The first contribution of this article is to study the combination of the widely used CSD method with a regularization induced by the enhancement PDE acting on the FOD. Since the FOD obtained with CSD consists of sharp angular profiles, it is well-suited as an initial condition for the enhancement PDE, that typically has a smoothing effect on the orientation distributions. The contextual regularization method reduces non-aligned crossings in the FOD, allowing for a better alignment of fibers when tracking is applied on the enhanced FOD. We show that this method is therefore useful to reduce the number of false positive fibers, but mainly to find more true positives in the tractography output. Although in this paper we compare to the classical CSD method, the PDE enhancements can also be applied to extensions of this method [4448].

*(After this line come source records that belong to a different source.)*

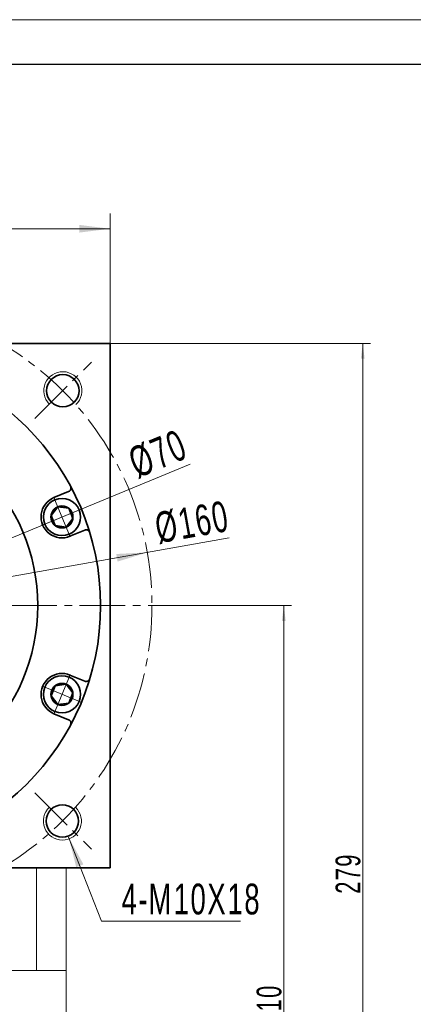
# Model space of a CAD drawing. Header units: millimetres. Extents: x 3809 to 4799, y -242 to 534.
# Tile 5 of 5: x 4420 to 4524, y 199 to 458. Entities that reach past the tile are written whole.
import ezdxf

# ---------------------------------------------------------------- set-up
doc = ezdxf.new("R2010")
doc.units = ezdxf.units.MM
doc.set_wipeout_variables(frame=1)
doc.linetypes.add('点画线', pattern=[18, 12, -2, 2, -2])
doc.layers.get('0').update_dxf_attribs({"lineweight": 35})
for name, color, linetype, lineweight in [('中心线层', 1, '点画线', 18), ('图框_外框线', 7, 'Continuous', 18), ('尺寸线层', 3, 'Continuous', 18), ('粗实线层', 7, 'Continuous', 35)]:
    doc.layers.add(name, color=color, linetype=linetype, lineweight=lineweight)
doc.styles.add('标准', font='txt', dxfattribs={"width": 0.667})
doc.dimstyles.new('a4-1-1', dxfattribs={"dimtxt": 3, "dimasz": 3, "dimexe": 1.5, "dimexo": 0, "dimgap": 0.5, "dimtad": 1, "dimdec": 3, "dimdsep": 46, "dimtxsty": '标准', "dimblk": '_CAXARROW', "dimcen": 0, "dimdle": 6, "dimazin": 2, "dimtfac": 0.707107, "dimtdec": 3, "dimtix": 1, "dimtmove": 2, "dimatfit": 3, "dimfxl": 0, "dimfrac": 2, "dimtolj": 1, "dimarcsym": 0})
doc.dimstyles.new('a4-1-1.5', dxfattribs={"dimtxt": 4.5, "dimasz": 4.5, "dimexe": 2.25, "dimexo": 0, "dimgap": 0.75, "dimtad": 1, "dimdec": 3, "dimdsep": 46, "dimtxsty": '标准', "dimblk": '_CAXARROW', "dimcen": 0, "dimdle": 9, "dimazin": 2, "dimtfac": 0.707107, "dimtdec": 3, "dimtix": 1, "dimtmove": 2, "dimatfit": 3, "dimfxl": 0, "dimfrac": 2, "dimtolj": 1, "dimarcsym": 0})
doc.dimstyles.new('标准', dxfattribs={"dimtxt": 3.5, "dimasz": 4, "dimexe": 2, "dimexo": 0, "dimtad": 1, "dimdsep": 46, "dimtxsty": '标准', "dimblk": '_CAXARROW', "dimcen": 0, "dimdle": 8, "dimazin": 2, "dimtfac": 0.707107, "dimtdec": 3, "dimtmove": 2, "dimatfit": 3, "dimfxl": 0, "dimfrac": 2, "dimtolj": 1, "dimarcsym": 0})

# ---------------------------------------------------------------- blocks, each defined once
blk = doc.blocks.new('*X8')
at = {"layer": '尺寸线层', "linetype": 'Continuous'}
for points in [[(4306.23, 402.89), (4314.33, 403.9), (4314.33, 401.88)], [(4444.23, 402.89), (4436.13, 403.9), (4436.13, 401.88)]]:
    blk.add_hatch(color=0, dxfattribs=at).paths.add_polyline_path(points, flags=0)
at = {"layer": '尺寸线层', "color": 0, "linetype": 'Continuous'}
for p, q in [((4306.23, 370.45), (4306.23, 406.94)), ((4444.23, 370.45), (4444.23, 406.94)), ((4306.23, 402.89), (4444.23, 402.89))]:
    blk.add_line(p, q, dxfattribs=at)
at = {"layer": '尺寸线层', "color": 0, "insert": (4375.23, 408.25), "char_height": 8.1, "width": 21.0034, "attachment_point": 5, "line_spacing_factor": 1.15057, "style": '标准'}
blk.add_mtext('\\T1.1;138', dxfattribs=at)
blk = doc.blocks.new('_CAXARROW')
blk.add_hatch(color=0).paths.add_polyline_path([(0, 0), (-1, 0.125), (-1, -0.125)], flags=0)
blk = doc.blocks.new('*X24')
at = {"layer": '尺寸线层', "linetype": 'Continuous'}
for points in [[(4453.99, 317.72), (4446.19, 315.3), (4445.84, 317.3)], [(4296.46, 289.7), (4304.61, 290.12), (4304.26, 292.11)]]:
    blk.add_hatch(color=0, dxfattribs=at).paths.add_polyline_path(points, flags=0)
at = {"layer": '尺寸线层', "color": 0, "linetype": 'Continuous'}
blk.add_line((4475.5, 321.54), (4296.46, 289.7), dxfattribs=at)
at = {"layer": '尺寸线层', "color": 0, "insert": (4465.8, 325.62), "char_height": 8.1, "width": 35.3599, "attachment_point": 5, "rotation": 10.0864, "line_spacing_factor": 1.15057, "style": '标准'}
blk.add_mtext('\\T1.1;%%C160', dxfattribs=at)
blk = doc.blocks.new('*X28')
at = {"layer": '尺寸线层', "linetype": 'Continuous'}
blk.add_hatch(color=0, dxfattribs=at).paths.add_polyline_path([(-9.87, 22.08), (-5.97, 14.91), (-7.86, 14.17)], flags=0)
at = {"layer": '尺寸线层', "color": 0, "linetype": 'Continuous'}
blk.add_line((-9.87, 22.08), (-1.21, 0), dxfattribs=at)
at = {"layer": '尺寸线层', "color": 0}
for p, q in [((-1.21, 0), (0, 0)), ((0, 0), (35.32, 0)), ((0, 0), (0, 0))]:
    blk.add_line(p, q, dxfattribs=at)
at = {"layer": '尺寸线层', "color": 0, "insert": (4.05, 1.62), "char_height": 8.1, "width": 62.5311, "attachment_point": 7, "line_spacing_factor": 1.15057, "style": '标准'}
blk.add_mtext('\\T1.1;4-M10X18', dxfattribs=at)
blk = doc.blocks.new('*X33')
at = {"layer": '中心线层', "linetype": '点画线', "lineweight": 18}
for p, q in [((0, -5.64), (0, 5.64)), ((-5.64, 0), (5.64, 0))]:
    blk.add_line(p, q, dxfattribs=at)
at = {"layer": '粗实线层'}
for p, q in [((-2.89, 0), (-1.44, 2.5)), ((-2.89, 0), (-1.44, -2.5)), ((-1.44, 2.5), (1.44, 2.5)), ((2.89, 0), (1.44, 2.5)), ((2.89, 0), (1.44, 2.5)), ((2.89, 0), (1.44, -2.5)), ((-1.44, -2.5), (1.44, -2.5))]:
    blk.add_line(p, q, dxfattribs=at)
blk.add_circle((0, 0), 2.89, dxfattribs=at)
for start, end in [(0, 180), (180, 360)]:
    blk.add_arc((0, 0), 4.89, start, end, dxfattribs=at)
blk = doc.blocks.new('*X34')
at = {"layer": '尺寸线层', "linetype": 'Continuous'}
for points in [[(4407.57, 317.08), (4400.47, 313.05), (4399.7, 314.92)], [(4342.88, 290.34), (4350.75, 292.49), (4349.98, 294.37)]]:
    blk.add_hatch(color=0, dxfattribs=at).paths.add_polyline_path(points, flags=0)
at = {"layer": '尺寸线层', "color": 0, "linetype": 'Continuous'}
blk.add_line((4465.29, 340.94), (4342.88, 290.34), dxfattribs=at)
at = {"layer": '尺寸线层', "color": 0, "insert": (4456.84, 343.63), "char_height": 8.1, "width": 27.1362, "attachment_point": 5, "rotation": 22.4595, "line_spacing_factor": 1.15057, "style": '标准'}
blk.add_mtext('\\T1.1;%%C70', dxfattribs=at)
blk = doc.blocks.new('*X37')
at = {"layer": '尺寸线层', "color": 0, "char_height": 6, "attachment_point": 1, "line_spacing_factor": 1.15057, "style": '标准'}
for s, insert, width in [('\\T1.1;12', (4361.97, 396.38), 106.028), ('\\T1.1;%%P0.013', (4369.02, 396.38), 83.0685)]:
    blk.add_mtext(s, dxfattribs=dict(at, insert=insert, width=width))
blk = doc.blocks.new('*X36')
at = {"layer": '尺寸线层', "linetype": 'Continuous'}
for points in [[(4369.23, 388.22), (4363.23, 387.47), (4363.23, 388.97)], [(4381.23, 388.22), (4387.23, 387.47), (4387.23, 388.97)]]:
    blk.add_hatch(color=0, dxfattribs=at).paths.add_polyline_path(points, flags=0)
at = {"layer": '尺寸线层', "color": 0, "linetype": 'Continuous'}
for p, q in [((4369.23, 327.01), (4369.23, 391.22)), ((4381.23, 327.01), (4381.23, 391.22)), ((4393.23, 388.22), (4357.23, 388.22))]:
    blk.add_line(p, q, dxfattribs=at)
at = {"layer": '尺寸线层', "color": 0}
blk.add_blockref('*X37', (0, 0), dxfattribs=at)
blk = doc.blocks.new('*X43')
at = {"layer": '尺寸线层', "linetype": 'Continuous'}
for points in [[(4510.59, 372.71), (4510.09, 368.71), (4511.09, 368.71)], [(4510.59, 93.71), (4510.09, 97.71), (4511.09, 97.71)]]:
    blk.add_hatch(color=0, dxfattribs=at).paths.add_polyline_path(points, flags=0)
at = {"layer": '尺寸线层', "color": 0, "linetype": 'Continuous'}
for p, q in [((4444.23, 372.71), (4512.59, 372.71)), ((4510.59, 93.71), (4510.59, 372.71)), ((4440.23, 93.71), (4512.59, 93.71))]:
    blk.add_line(p, q, dxfattribs=at)
at = {"layer": '尺寸线层', "color": 0, "insert": (4506.75, 233.21), "char_height": 6.5, "width": 17.1826, "attachment_point": 5, "rotation": 90, "line_spacing_factor": 1.15057, "style": '标准'}
blk.add_mtext('\\T1.1;279', dxfattribs=at)
blk = doc.blocks.new('*X44')
at = {"layer": '尺寸线层', "linetype": 'Continuous'}
for points in [[(4489.85, 303.71), (4490.35, 299.71), (4489.35, 299.71)], [(4489.85, 93.71), (4490.35, 97.71), (4489.35, 97.71)]]:
    blk.add_hatch(color=0, dxfattribs=at).paths.add_polyline_path(points, flags=0)
at = {"layer": '尺寸线层', "color": 0, "linetype": 'Continuous'}
for p, q in [((4458.23, 303.71), (4491.85, 303.71)), ((4489.85, 303.71), (4489.85, 93.71)), ((4440.23, 93.71), (4491.85, 93.71))]:
    blk.add_line(p, q, dxfattribs=at)
at = {"layer": '尺寸线层', "color": 0, "insert": (4486.01, 198.71), "char_height": 6.5, "width": 17.5576, "attachment_point": 5, "rotation": 90, "line_spacing_factor": 1.15057, "style": '标准'}
blk.add_mtext('\\T1.1;210', dxfattribs=at)

msp = doc.modelspace()

# ---------------------------------------------------------------- linework, layer by layer
at = {"color": 7, "linetype": 'Continuous', "lineweight": 15}
for p, q in [((4424.9225, 234.7064), (4424.9225, 207.7064)), ((4432.7259, 207.7064), (4432.7259, 234.7064)), ((4424.9225, 207.7064), (4375.2259, 207.7064)), ((4424.9225, 207.7064), (4432.7259, 207.7064)), ((4432.7259, 182.2064), (4432.7259, 207.7064))]:
    msp.add_line(p, q, dxfattribs=at)
for centre, start, end in [((4431.8042, 360.2651), 313.199268, 224.840844), ((4431.6863, 247.03), 133.249021, 46.681365)]:
    msp.add_arc(centre, 5, start, end, dxfattribs=at)
at = {"layer": '中心线层'}
for p, q in [((4424.4662, 352.9468), (4439.3226, 367.8032)), ((4292.2259, 303.7064), (4458.2259, 303.7064)), ((4424.4662, 254.4661), (4439.3226, 239.6097))]:
    msp.add_line(p, q, dxfattribs=at)
msp.add_circle((4375.2259, 303.7064), 80, dxfattribs=at)
at = {"layer": '图框_外框线', "color": 3}
msp.add_lwpolyline([(3809.2165, -242.3711), (4799.4999, -242.3711), (4799.4999, 457.9007), (3809.2165, 457.9007)], close=True, dxfattribs=at)
at = {"layer": '图框_外框线', "color": 3, "lineweight": 25}
msp.add_lwpolyline([(3868.1619, -230.582), (4787.7108, -230.582), (4787.7108, 446.1116), (3868.1619, 446.1116)], close=True, dxfattribs=at)
at = {"layer": '粗实线层'}
for p, q in [((4444.2259, 372.7064), (4306.2259, 372.7064)), ((4444.2259, 234.7064), (4444.2259, 372.7064)), ((4429.4778, 332.1315), (4433.3365, 333.7298)), ((4433.6873, 321.9688), (4437.546, 323.5671)), ((4433.6873, 285.4441), (4437.546, 283.8457)), ((4429.4778, 275.2814), (4433.3365, 273.6831)), ((4306.2259, 234.7064), (4444.2259, 234.7064))]:
    msp.add_line(p, q, dxfattribs=at)
for centre, radius in [((4375.2259, 303.7064), 66.5), ((4431.8042, 360.2651), 4.25), ((4375.2259, 303.7064), 50), ((4431.6863, 247.03), 4.25)]:
    msp.add_circle(centre, radius, dxfattribs=at)
for centre, radius, start, end in [((4432.9538, 334.6537), 1, 292.49997, 28.195285), ((4431.5825, 327.0501), 5.5, 112.5, 292.5), ((4437.9287, 322.6432), 1, 16.804715, 112.50003), ((4431.5825, 280.3627), 5.5, 67.5, 247.5), ((4437.9287, 284.7696), 1, 247.49997, 343.195285), ((4432.9538, 272.7592), 1, 331.804715, 67.50003)]:
    msp.add_arc(centre, radius, start, end, dxfattribs=at)

# ---------------------------------------------------------------- block references
at = {"layer": '尺寸线层'}
msp.add_blockref('*X28', (4443.1891, 220.7248), dxfattribs=at)

# ---------------------------------------------------------------- dimensions: what is measured, and where the dimension line sits
dim = msp.add_linear_dim(base=(4444.2259, 402.8918), p1=(4306.2259, 370.4522), p2=(4444.2259, 370.4522), dimstyle='a4-1-1.5', override={"dimsah": 1, "dimtfill": 1, "dimtzin": 8}, dxfattribs=at)
dim.commit()
dim.dimension.update_dxf_attribs({"geometry": '*X8', "text_midpoint": (4375.2259, 408.2481)})
for base, p1, p2, picture, middle in [((4510.5942, 372.7064), (4440.2259, 93.7064), (4444.2259, 372.7064), '*X43', (4506.7544, 233.2064)), ((4489.8548, 93.7064), (4458.2259, 303.7064), (4440.2259, 93.7064), '*X44', (4486.0149, 198.7064))]:
    dim = msp.add_linear_dim(base=base, p1=p1, p2=p2, angle=90, dimstyle='标准', override={"dimtxt": 6.5, "dimsah": 1, "dimtfill": 1, "dimtzin": 8, "dimarcsym": 0}, dxfattribs=at)
    dim.commit()
    dim.dimension.update_dxf_attribs({"geometry": picture, "text_midpoint": middle})
dim = msp.add_diameter_dim_2p(p1=(4296.4623, 289.6958), p2=(4453.9895, 317.7171), dimstyle='a4-1-1.5', override={"dimpost": '%%C<>', "dimsah": 1, "dimtfill": 1, "dimtzin": 8}, dxfattribs=at)
dim.commit()
dim.dimension.update_dxf_attribs({"geometry": '*X24', "text_midpoint": (4466.797, 319.9953), "dimtype": 163})

# ---------------------------------------------------------------- next in the draw order: wipeouts: each hides what was drawn before it
for points in [[(4433.4539, 322.5323), (4433.4792, 322.5429), (4433.5045, 322.5537), (4433.5297, 322.5645), (4433.5549, 322.5755), (4433.58, 322.5867), (4433.6051, 322.598), (4433.6301, 322.6094), (4433.655, 322.621), (4433.6798, 322.6327), (4433.7046, 322.6446), (4433.7293, 322.6566), (4433.754, 322.6687), (4433.7786, 322.681), (4433.8031, 322.6934), (4433.8275, 322.7059), (4433.8519, 322.7186), (4433.8762, 322.7314), (4433.9004, 322.7444), (4433.9246, 322.7575), (4433.9487, 322.7707), (4433.9727, 322.7841), (4433.9966, 322.7976), (4434.0205, 322.8112), (4434.0443, 322.825), (4434.068, 322.8389), (4434.0916, 322.8529), (4434.1151, 322.8671), (4434.1386, 322.8813), (4434.162, 322.8958), (4434.1853, 322.9103), (4434.1853, 322.9103), (4434.3759, 323.0365), (4434.5603, 323.1714), (4434.7383, 323.3147), (4434.9094, 323.4663), (4435.0732, 323.6256), (4435.2294, 323.7925), (4435.3776, 323.9664), (4435.5176, 324.1471), (4435.6489, 324.3341), (4435.7714, 324.5271), (4435.8847, 324.7256), (4435.9886, 324.9291), (4436.0829, 325.1373), (4436.1674, 325.3497), (4436.2418, 325.5658), (4436.3061, 325.7851), (4436.36, 326.0072), (4436.4035, 326.2315), (4436.4365, 326.4577), (4436.4589, 326.6851), (4436.4706, 326.9134), (4436.4717, 327.1419), (4436.462, 327.3702), (4436.4418, 327.5979), (4436.4109, 327.8243), (4436.3694, 328.0491), (4436.3175, 328.2717), (4436.2553, 328.4916), (4436.1828, 328.7083), (4436.1003, 328.9214), (4436.1003, 328.9214), (4436.0079, 329.1305), (4435.9059, 329.335), (4435.7944, 329.5345), (4435.6737, 329.7286), (4435.5441, 329.9168), (4435.4058, 330.0988), (4435.2592, 330.2741), (4435.1046, 330.4424), (4434.9422, 330.6032), (4434.7725, 330.7563), (4434.5959, 330.9013), (4434.4127, 331.0379), (4434.2232, 331.1658), (4434.0281, 331.2847), (4433.8275, 331.3943), (4433.6221, 331.4945), (4433.4122, 331.5849), (4433.1983, 331.6654), (4432.9809, 331.7359), (4432.7605, 331.7961), (4432.5374, 331.846), (4432.3123, 331.8854), (4432.0856, 331.9142), (4431.8578, 331.9324), (4431.6293, 331.9399), (4431.4008, 331.9367), (4431.1727, 331.9229), (4430.9455, 331.8984), (4430.7196, 331.8634), (4430.4957, 331.8178), (4430.4957, 331.8178), (4430.4689, 331.8116), (4430.4422, 331.8053), (4430.4155, 331.7988), (4430.3888, 331.7922), (4430.3622, 331.7854), (4430.3356, 331.7785), (4430.309, 331.7714), (4430.2825, 331.7642), (4430.2561, 331.7568), (4430.2296, 331.7492), (4430.2033, 331.7416), (4430.1769, 331.7337), (4430.1506, 331.7258), (4430.1244, 331.7177), (4430.0982, 331.7094), (4430.072, 331.701), (4430.0459, 331.6924), (4430.0199, 331.6837), (4429.9938, 331.6749), (4429.9679, 331.6659), (4429.942, 331.6567), (4429.9161, 331.6474), (4429.8903, 331.638), (4429.8646, 331.6284), (4429.8389, 331.6187), (4429.8132, 331.6088), (4429.7876, 331.5988), (4429.7621, 331.5886), (4429.7366, 331.5783), (4429.7112, 331.5679), (4429.7112, 331.5679), (4429.4773, 331.4638), (4429.2492, 331.3475), (4429.0275, 331.2195), (4428.8128, 331.0801), (4428.6057, 330.9296), (4428.4067, 330.7685), (4428.2165, 330.5972), (4428.0354, 330.4162), (4427.8641, 330.2259), (4427.703, 330.027), (4427.5526, 329.8198), (4427.4131, 329.6051), (4427.2851, 329.3834), (4427.1689, 329.1553), (4427.0648, 328.9214), (4426.973, 328.6824), (4426.8939, 328.439), (4426.8276, 328.1917), (4426.7744, 327.9412), (4426.7344, 327.6884), (4426.7076, 327.4338), (4426.6942, 327.1781), (4426.6942, 326.9221), (4426.7076, 326.6665), (4426.7344, 326.4118), (4426.7744, 326.159), (4426.8276, 325.9086), (4426.8939, 325.6613), (4426.973, 325.4178), (4427.0648, 325.1788), (4427.0648, 325.1788), (4427.1689, 324.9449), (4427.2851, 324.7168), (4427.4131, 324.4951), (4427.5526, 324.2804), (4427.703, 324.0733), (4427.8641, 323.8743), (4428.0354, 323.6841), (4428.2165, 323.503), (4428.4067, 323.3317), (4428.6057, 323.1706), (4428.8128, 323.0201), (4429.0275, 322.8807), (4429.2492, 322.7527), (4429.4773, 322.6365), (4429.7112, 322.5323), (4429.9502, 322.4406), (4430.1937, 322.3615), (4430.441, 322.2952), (4430.6914, 322.242), (4430.9443, 322.202), (4431.1989, 322.1752), (4431.4545, 322.1618), (4431.7105, 322.1618), (4431.9662, 322.1752), (4432.2208, 322.202), (4432.4737, 322.242), (4432.7241, 322.2952), (4432.9714, 322.3615), (4433.2148, 322.4406)], [(4429.7112, 275.845), (4429.7366, 275.8345), (4429.7621, 275.8242), (4429.7876, 275.8141), (4429.8132, 275.8041), (4429.8389, 275.7942), (4429.8646, 275.7845), (4429.8903, 275.7749), (4429.9161, 275.7654), (4429.942, 275.7562), (4429.9679, 275.747), (4429.9938, 275.738), (4430.0199, 275.7292), (4430.0459, 275.7204), (4430.072, 275.7119), (4430.0982, 275.7035), (4430.1244, 275.6952), (4430.1506, 275.6871), (4430.1769, 275.6791), (4430.2033, 275.6713), (4430.2296, 275.6636), (4430.2561, 275.6561), (4430.2825, 275.6487), (4430.309, 275.6415), (4430.3356, 275.6344), (4430.3622, 275.6275), (4430.3888, 275.6207), (4430.4155, 275.614), (4430.4422, 275.6076), (4430.4689, 275.6012), (4430.4957, 275.595), (4430.4957, 275.595), (4430.7196, 275.5495), (4430.9455, 275.5144), (4431.1727, 275.4899), (4431.4008, 275.4761), (4431.6293, 275.473), (4431.8578, 275.4805), (4432.0856, 275.4987), (4432.3123, 275.5275), (4432.5374, 275.5669), (4432.7605, 275.6167), (4432.9809, 275.677), (4433.1983, 275.7474), (4433.4122, 275.8279), (4433.6221, 275.9184), (4433.8275, 276.0185), (4434.0281, 276.1282), (4434.2232, 276.2471), (4434.4127, 276.375), (4434.5959, 276.5115), (4434.7725, 276.6565), (4434.9422, 276.8096), (4435.1046, 276.9705), (4435.2592, 277.1388), (4435.4058, 277.3141), (4435.5441, 277.496), (4435.6737, 277.6843), (4435.7944, 277.8784), (4435.9059, 278.0779), (4436.0079, 278.2824), (4436.1003, 278.4914), (4436.1003, 278.4914), (4436.1828, 278.7045), (4436.2553, 278.9213), (4436.3175, 279.1412), (4436.3694, 279.3638), (4436.4109, 279.5885), (4436.4418, 279.815), (4436.462, 280.0426), (4436.4717, 280.271), (4436.4706, 280.4995), (4436.4589, 280.7277), (4436.4365, 280.9552), (4436.4035, 281.1813), (4436.36, 281.4057), (4436.3061, 281.6278), (4436.2418, 281.8471), (4436.1674, 282.0632), (4436.0829, 282.2755), (4435.9886, 282.4837), (4435.8847, 282.6873), (4435.7714, 282.8857), (4435.6489, 283.0787), (4435.5176, 283.2657), (4435.3776, 283.4464), (4435.2294, 283.6204), (4435.0732, 283.7872), (4434.9094, 283.9466), (4434.7383, 284.0981), (4434.5603, 284.2415), (4434.3759, 284.3764), (4434.1853, 284.5025), (4434.1853, 284.5025), (4434.162, 284.5171), (4434.1386, 284.5315), (4434.1151, 284.5458), (4434.0916, 284.56), (4434.068, 284.574), (4434.0443, 284.5879), (4434.0205, 284.6017), (4433.9966, 284.6153), (4433.9727, 284.6288), (4433.9487, 284.6422), (4433.9246, 284.6554), (4433.9004, 284.6685), (4433.8762, 284.6814), (4433.8519, 284.6943), (4433.8275, 284.7069), (4433.8031, 284.7195), (4433.7786, 284.7319), (4433.754, 284.7442), (4433.7293, 284.7563), (4433.7046, 284.7683), (4433.6798, 284.7801), (4433.655, 284.7919), (4433.6301, 284.8034), (4433.6051, 284.8149), (4433.58, 284.8262), (4433.5549, 284.8373), (4433.5297, 284.8483), (4433.5045, 284.8592), (4433.4792, 284.8699), (4433.4539, 284.8805), (4433.4539, 284.8805), (4433.2148, 284.9723), (4432.9714, 285.0514), (4432.7241, 285.1176), (4432.4737, 285.1709), (4432.2208, 285.2109), (4431.9662, 285.2377), (4431.7105, 285.2511), (4431.4545, 285.2511), (4431.1989, 285.2377), (4430.9443, 285.2109), (4430.6914, 285.1709), (4430.441, 285.1176), (4430.1937, 285.0514), (4429.9502, 284.9723), (4429.7112, 284.8805), (4429.4773, 284.7764), (4429.2492, 284.6602), (4429.0275, 284.5321), (4428.8128, 284.3927), (4428.6057, 284.2422), (4428.4067, 284.0811), (4428.2165, 283.9098), (4428.0354, 283.7288), (4427.8641, 283.5385), (4427.703, 283.3396), (4427.5526, 283.1325), (4427.4131, 282.9178), (4427.2851, 282.696), (4427.1689, 282.4679), (4427.0648, 282.2341), (4427.0648, 282.2341), (4426.973, 281.9951), (4426.8939, 281.7516), (4426.8276, 281.5043), (4426.7744, 281.2539), (4426.7344, 281.001), (4426.7076, 280.7464), (4426.6942, 280.4907), (4426.6942, 280.2347), (4426.7076, 279.9791), (4426.7344, 279.7245), (4426.7744, 279.4716), (4426.8276, 279.2212), (4426.8939, 278.9739), (4426.973, 278.7304), (4427.0648, 278.4914), (4427.1689, 278.2575), (4427.2851, 278.0294), (4427.4131, 277.8077), (4427.5526, 277.593), (4427.703, 277.3859), (4427.8641, 277.1869), (4428.0354, 276.9967), (4428.2165, 276.8157), (4428.4067, 276.6444), (4428.6057, 276.4832), (4428.8128, 276.3328), (4429.0275, 276.1933), (4429.2492, 276.0653), (4429.4773, 275.9491)]]:
    msp.add_wipeout(points).dxf.layer = '粗实线层'

# ---------------------------------------------------------------- next in the draw order: block references
at = {"layer": '粗实线层'}
for p, rotation in [((4431.5825, 327.0501), 292.5000000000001), ((4431.5825, 280.3627), 247.5000000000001)]:
    msp.add_blockref('*X33', p, dxfattribs=dict(at, rotation=rotation))

# ---------------------------------------------------------------- next in the draw order: dimensions: what is measured, and where the dimension line sits
at = {"layer": '尺寸线层'}
dim = msp.add_linear_dim(base=(4369.2259, 388.224), p1=(4381.2259, 327.0064), p2=(4369.2259, 327.0064), text='\\A1;12{\\H1x;%%P0.013}', dimstyle='a4-1-1', override={"dimsah": 1, "dimtfac": 1, "dimtfill": 1, "dimtolj": 0, "dimtzin": 8}, dxfattribs=at)
dim.commit()
dim.dimension.update_dxf_attribs({"geometry": '*X36', "text_midpoint": (4375.2259, 393.334)})
dim = msp.add_diameter_dim_2p(p1=(4342.8806, 290.3354), p2=(4407.5711, 317.0775), dimstyle='a4-1-1.5', override={"dimpost": '%%C<>', "dimsah": 1, "dimtfill": 1, "dimtzin": 8}, dxfattribs=at)
dim.commit()
dim.dimension.update_dxf_attribs({"geometry": '*X34', "text_midpoint": (4459.0192, 338.3453), "dimtype": 163})

doc.saveas('drawing.dxf')

The second contribution of this article is to introduce the fiber to bundle coherence (FBC) measure. The motivation for this measure is that, especially probabilistic, tracking methods typically produce spurious fibers that should be removed from the tractography. In contrast to the first approach, this method serves as a post-processing tool. For the computation of the FBC we regard the fiber bundle as a set of oriented points, by considering for every fiber point also the local tangent to the fiber. We construct a density using the enhancement PDE with an initial condition that is a sum of superposed δ-distributions at every oriented point in the bundle. The construction of such a density from tracks relates to track density imaging [49] and track orientation density imaging [50], though here the use of the contour enhancement kernels, Fig 2, allows to use a sparse set of fiber tracks. The FBC, a measure for spuriousness of fibers, is computed by efficient integration of this fiber-based density. Fibers that are most spurious according to the FBC can be removed from the tractography, resulting in a better aligned fiber bundle. Complementary to the first method, this FBC measure has the purpose to remove false positives in a tractography.

1.2 Structure of the Article

Section 2 covers theory of the individual parts of the pipeline as outlined in Fig 1, consisting of CSD, PDE enhancements, tractography and coherence quantification in Sections 2.1–2.4, respectively. In Section 3 we provide extensive validation of the combination of CSD and PDE enhancements and the FBC, using three experiments:

  1. First we use the Tractometer evaluation system [51, 52] on the ISBI 2013 HARDI reconstruction challenge dataset [53], a digital phantom with known ground truth, to demonstrate how contour enhancement improves both the local FOD reconstruction and the global connectivity of fiber bundles compared to CSD, see Section 3.1.

  2. In Section 3.2 we show on a human DW-MRI dataset, containing different crossing bundles, that CSD combined with enhancements yields an FOD that is more robust with respect to the b-value and the number of gradient directions used in the acquisition. Furthermore, we make a comparison with earlier work involving erosions and nonlinear diffusion of FODs directly applied to a DTI-model [23, 27], that was based on the same data. We show that with our method the glyphs are sharper at the locations where bundles cross.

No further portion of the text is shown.